■ YOUR ASSIGNMENT
Find the word "Lens" in the data. Return every line where it appears.

[Stored items from a collection]
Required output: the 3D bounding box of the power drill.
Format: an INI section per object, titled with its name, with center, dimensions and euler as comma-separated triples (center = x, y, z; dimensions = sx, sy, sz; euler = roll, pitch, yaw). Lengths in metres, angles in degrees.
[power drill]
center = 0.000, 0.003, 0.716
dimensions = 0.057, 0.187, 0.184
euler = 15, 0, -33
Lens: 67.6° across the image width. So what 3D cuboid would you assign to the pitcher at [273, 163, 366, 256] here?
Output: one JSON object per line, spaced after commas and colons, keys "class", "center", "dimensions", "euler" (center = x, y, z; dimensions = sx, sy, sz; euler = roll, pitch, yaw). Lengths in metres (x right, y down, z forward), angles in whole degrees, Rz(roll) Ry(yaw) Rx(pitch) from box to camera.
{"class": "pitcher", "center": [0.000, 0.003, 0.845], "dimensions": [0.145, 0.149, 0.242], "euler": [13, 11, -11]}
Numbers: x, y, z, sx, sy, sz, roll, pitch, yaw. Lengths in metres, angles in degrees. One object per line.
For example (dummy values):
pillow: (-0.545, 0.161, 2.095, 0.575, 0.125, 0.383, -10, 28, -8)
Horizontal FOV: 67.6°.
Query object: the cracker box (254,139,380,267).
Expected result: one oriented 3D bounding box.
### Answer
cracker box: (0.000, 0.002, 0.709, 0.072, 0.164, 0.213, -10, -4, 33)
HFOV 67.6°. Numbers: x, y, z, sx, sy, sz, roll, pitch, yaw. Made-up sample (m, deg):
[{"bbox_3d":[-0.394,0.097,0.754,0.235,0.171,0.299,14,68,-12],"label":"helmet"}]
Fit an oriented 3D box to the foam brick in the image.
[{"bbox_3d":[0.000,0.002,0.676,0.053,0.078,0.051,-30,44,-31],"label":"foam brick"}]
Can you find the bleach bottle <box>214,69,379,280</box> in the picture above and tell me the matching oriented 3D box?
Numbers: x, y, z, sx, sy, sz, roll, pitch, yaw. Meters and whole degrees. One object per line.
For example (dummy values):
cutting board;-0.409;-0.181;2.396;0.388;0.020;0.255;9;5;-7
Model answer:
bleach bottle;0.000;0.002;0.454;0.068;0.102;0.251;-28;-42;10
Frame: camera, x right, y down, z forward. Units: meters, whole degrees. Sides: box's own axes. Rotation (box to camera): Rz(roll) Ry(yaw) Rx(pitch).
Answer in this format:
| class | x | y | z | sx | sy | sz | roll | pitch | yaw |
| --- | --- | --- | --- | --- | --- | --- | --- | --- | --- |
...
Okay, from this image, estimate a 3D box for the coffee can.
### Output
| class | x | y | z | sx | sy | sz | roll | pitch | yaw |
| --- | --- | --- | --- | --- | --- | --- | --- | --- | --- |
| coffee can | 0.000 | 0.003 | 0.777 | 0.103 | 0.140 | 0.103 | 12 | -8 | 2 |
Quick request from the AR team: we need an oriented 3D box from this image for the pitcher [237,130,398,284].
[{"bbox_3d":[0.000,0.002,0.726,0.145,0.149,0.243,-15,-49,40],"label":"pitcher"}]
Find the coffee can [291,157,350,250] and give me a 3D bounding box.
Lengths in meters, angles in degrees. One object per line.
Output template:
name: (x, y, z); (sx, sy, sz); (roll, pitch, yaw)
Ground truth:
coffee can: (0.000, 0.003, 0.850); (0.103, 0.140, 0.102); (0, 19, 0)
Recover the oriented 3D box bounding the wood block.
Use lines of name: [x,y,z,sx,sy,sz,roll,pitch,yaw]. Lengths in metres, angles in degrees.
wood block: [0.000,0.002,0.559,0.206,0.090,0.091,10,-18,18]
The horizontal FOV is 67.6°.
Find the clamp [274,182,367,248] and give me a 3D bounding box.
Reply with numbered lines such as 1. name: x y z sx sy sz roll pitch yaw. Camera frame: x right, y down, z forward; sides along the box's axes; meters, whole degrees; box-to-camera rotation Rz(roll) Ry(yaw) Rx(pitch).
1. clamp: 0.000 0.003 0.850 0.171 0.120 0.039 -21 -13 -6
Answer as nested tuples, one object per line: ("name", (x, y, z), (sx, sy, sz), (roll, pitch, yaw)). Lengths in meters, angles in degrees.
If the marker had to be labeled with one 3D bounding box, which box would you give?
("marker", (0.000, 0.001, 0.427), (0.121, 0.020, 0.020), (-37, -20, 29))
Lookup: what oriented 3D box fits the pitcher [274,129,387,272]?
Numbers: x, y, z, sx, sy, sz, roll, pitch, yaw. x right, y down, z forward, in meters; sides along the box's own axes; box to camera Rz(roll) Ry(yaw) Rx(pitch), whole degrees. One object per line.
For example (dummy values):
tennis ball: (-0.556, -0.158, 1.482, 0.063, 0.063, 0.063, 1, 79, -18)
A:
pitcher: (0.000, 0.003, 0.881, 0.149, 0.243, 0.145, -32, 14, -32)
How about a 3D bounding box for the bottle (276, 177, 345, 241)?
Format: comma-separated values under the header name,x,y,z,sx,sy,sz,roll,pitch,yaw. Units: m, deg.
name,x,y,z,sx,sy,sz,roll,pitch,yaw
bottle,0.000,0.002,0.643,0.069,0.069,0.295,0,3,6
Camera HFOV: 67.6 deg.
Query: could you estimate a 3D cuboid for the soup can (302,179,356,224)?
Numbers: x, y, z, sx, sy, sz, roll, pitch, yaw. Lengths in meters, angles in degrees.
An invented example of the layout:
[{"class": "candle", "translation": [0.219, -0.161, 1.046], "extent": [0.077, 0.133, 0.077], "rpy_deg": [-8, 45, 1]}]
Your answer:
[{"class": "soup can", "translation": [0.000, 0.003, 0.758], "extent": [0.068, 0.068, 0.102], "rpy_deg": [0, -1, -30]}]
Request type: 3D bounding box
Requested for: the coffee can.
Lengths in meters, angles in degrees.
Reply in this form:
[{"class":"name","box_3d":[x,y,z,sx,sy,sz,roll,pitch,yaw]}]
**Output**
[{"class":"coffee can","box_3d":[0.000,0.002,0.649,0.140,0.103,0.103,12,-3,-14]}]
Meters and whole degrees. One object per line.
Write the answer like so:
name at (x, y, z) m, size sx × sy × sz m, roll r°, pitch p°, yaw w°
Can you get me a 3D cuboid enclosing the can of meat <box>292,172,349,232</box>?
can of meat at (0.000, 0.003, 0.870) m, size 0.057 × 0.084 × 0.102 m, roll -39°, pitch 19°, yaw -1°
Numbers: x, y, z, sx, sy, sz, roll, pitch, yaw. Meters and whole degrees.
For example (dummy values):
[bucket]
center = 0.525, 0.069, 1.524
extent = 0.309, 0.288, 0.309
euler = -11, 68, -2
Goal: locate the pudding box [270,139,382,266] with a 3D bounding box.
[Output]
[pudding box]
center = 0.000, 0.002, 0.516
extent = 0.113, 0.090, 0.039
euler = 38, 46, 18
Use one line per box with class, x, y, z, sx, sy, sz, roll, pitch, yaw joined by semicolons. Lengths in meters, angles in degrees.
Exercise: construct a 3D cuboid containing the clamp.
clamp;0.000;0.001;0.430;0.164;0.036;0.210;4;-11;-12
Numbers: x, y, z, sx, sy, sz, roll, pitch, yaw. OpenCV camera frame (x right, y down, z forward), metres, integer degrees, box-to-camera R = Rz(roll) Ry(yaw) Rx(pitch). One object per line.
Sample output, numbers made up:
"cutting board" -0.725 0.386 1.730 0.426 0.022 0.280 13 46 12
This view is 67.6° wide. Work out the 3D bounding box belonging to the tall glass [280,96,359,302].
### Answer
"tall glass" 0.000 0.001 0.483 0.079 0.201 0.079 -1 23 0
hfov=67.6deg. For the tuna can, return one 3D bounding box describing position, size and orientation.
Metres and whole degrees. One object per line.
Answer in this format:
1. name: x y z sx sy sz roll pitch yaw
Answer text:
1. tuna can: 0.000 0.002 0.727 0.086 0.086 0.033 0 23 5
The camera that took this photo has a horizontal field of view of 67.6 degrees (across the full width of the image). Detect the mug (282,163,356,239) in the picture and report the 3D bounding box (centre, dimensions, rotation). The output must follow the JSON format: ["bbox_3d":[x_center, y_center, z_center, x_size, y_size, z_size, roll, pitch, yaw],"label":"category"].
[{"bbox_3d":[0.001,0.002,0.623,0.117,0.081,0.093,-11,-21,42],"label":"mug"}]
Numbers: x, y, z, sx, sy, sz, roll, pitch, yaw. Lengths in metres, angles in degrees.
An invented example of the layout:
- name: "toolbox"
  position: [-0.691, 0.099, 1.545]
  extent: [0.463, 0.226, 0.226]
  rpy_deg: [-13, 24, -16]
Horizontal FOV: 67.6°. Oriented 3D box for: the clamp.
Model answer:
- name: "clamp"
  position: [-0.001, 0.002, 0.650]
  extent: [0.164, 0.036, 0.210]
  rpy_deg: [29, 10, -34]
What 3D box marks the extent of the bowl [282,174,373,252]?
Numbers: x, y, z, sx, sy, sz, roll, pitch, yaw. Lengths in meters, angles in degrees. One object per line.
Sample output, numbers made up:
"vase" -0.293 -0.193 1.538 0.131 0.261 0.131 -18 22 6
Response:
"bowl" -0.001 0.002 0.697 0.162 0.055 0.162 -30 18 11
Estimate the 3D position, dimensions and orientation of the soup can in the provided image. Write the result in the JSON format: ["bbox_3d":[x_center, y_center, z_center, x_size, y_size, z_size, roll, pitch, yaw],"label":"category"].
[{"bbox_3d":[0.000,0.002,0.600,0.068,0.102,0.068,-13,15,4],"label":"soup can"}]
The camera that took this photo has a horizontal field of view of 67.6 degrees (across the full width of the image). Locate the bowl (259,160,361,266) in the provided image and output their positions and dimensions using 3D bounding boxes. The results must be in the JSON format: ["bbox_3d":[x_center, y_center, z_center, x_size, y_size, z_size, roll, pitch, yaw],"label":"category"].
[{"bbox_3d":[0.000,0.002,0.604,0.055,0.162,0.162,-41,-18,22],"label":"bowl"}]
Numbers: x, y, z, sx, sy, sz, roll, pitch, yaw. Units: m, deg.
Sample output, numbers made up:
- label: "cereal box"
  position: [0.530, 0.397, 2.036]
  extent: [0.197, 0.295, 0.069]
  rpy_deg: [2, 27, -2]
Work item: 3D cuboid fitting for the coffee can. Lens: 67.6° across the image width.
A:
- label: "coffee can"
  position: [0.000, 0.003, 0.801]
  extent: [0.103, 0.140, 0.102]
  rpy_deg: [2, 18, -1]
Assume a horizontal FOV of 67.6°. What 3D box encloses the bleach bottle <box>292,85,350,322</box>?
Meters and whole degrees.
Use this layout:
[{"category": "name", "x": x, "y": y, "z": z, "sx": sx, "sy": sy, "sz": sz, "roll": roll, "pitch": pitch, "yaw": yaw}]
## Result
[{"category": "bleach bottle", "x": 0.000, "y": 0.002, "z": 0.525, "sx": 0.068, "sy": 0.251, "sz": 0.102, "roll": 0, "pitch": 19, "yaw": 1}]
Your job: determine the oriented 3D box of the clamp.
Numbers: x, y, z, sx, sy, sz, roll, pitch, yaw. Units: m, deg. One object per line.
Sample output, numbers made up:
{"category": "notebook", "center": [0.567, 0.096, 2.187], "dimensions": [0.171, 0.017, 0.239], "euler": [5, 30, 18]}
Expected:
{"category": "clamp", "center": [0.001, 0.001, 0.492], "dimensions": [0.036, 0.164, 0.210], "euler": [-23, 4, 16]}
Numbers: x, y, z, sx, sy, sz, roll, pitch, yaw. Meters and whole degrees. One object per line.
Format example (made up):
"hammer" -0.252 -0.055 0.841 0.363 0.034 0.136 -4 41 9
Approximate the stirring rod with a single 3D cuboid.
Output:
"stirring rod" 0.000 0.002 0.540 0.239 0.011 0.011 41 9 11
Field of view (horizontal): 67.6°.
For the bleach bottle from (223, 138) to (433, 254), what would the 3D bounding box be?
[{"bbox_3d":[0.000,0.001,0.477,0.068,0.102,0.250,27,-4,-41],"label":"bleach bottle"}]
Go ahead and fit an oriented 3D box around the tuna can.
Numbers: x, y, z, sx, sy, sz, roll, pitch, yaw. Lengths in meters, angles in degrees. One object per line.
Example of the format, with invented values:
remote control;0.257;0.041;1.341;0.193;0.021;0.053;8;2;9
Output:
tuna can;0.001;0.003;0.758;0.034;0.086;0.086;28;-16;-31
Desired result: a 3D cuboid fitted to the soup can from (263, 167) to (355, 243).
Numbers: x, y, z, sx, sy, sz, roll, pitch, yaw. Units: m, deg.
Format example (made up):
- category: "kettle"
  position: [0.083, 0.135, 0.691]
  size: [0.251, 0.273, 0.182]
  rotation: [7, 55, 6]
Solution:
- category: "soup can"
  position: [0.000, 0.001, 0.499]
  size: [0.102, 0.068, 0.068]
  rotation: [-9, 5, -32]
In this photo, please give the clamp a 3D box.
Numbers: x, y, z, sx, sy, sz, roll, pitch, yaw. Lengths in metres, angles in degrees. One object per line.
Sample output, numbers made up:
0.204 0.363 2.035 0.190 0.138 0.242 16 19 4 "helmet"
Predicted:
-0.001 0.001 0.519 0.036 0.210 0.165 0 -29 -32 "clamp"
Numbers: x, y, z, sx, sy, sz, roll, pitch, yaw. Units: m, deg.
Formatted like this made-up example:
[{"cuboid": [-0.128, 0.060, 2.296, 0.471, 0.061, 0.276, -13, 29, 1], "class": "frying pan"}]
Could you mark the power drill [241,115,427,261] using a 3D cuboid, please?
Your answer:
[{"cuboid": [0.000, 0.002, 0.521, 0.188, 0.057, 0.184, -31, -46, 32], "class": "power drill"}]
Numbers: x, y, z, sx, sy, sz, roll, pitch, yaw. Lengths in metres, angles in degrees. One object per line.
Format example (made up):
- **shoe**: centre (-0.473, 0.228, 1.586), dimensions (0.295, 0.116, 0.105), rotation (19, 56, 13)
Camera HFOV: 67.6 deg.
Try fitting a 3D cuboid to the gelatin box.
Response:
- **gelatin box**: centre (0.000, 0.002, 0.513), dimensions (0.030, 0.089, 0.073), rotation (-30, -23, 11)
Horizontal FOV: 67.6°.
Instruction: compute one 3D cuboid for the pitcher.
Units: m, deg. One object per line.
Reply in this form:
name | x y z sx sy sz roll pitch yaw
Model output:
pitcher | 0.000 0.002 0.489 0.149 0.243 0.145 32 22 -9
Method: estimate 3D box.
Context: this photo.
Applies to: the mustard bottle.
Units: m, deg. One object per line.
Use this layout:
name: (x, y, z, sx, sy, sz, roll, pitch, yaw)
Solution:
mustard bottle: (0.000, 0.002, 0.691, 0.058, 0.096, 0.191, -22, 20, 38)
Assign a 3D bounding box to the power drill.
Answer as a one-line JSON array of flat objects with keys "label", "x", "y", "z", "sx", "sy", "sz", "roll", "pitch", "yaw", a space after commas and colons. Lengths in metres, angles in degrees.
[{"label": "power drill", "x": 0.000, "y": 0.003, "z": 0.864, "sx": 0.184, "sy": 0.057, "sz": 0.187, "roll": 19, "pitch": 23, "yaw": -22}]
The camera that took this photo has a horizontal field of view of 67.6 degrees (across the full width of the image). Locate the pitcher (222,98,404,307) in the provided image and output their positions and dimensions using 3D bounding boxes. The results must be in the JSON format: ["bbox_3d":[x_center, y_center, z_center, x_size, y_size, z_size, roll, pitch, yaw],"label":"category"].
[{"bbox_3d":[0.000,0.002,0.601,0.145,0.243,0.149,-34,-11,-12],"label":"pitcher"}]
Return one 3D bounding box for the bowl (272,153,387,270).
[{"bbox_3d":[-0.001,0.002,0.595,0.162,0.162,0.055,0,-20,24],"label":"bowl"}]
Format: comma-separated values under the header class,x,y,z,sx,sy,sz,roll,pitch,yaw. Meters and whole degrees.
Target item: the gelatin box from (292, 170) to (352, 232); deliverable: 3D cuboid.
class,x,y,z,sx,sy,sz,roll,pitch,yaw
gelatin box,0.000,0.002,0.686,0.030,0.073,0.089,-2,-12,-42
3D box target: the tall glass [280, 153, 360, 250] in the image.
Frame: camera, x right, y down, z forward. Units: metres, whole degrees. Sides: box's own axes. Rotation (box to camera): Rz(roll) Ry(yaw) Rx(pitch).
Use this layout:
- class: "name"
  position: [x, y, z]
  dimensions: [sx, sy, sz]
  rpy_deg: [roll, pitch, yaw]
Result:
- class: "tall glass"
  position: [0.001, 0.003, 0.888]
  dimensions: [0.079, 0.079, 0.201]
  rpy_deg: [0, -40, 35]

■ COMPLETED TASK
Lens: 67.6° across the image width. So what 3D cuboid would you assign to the pitcher at [273, 163, 366, 256] here?
Work item: 3D cuboid fitting for the coffee can. Lens: 67.6° across the image width.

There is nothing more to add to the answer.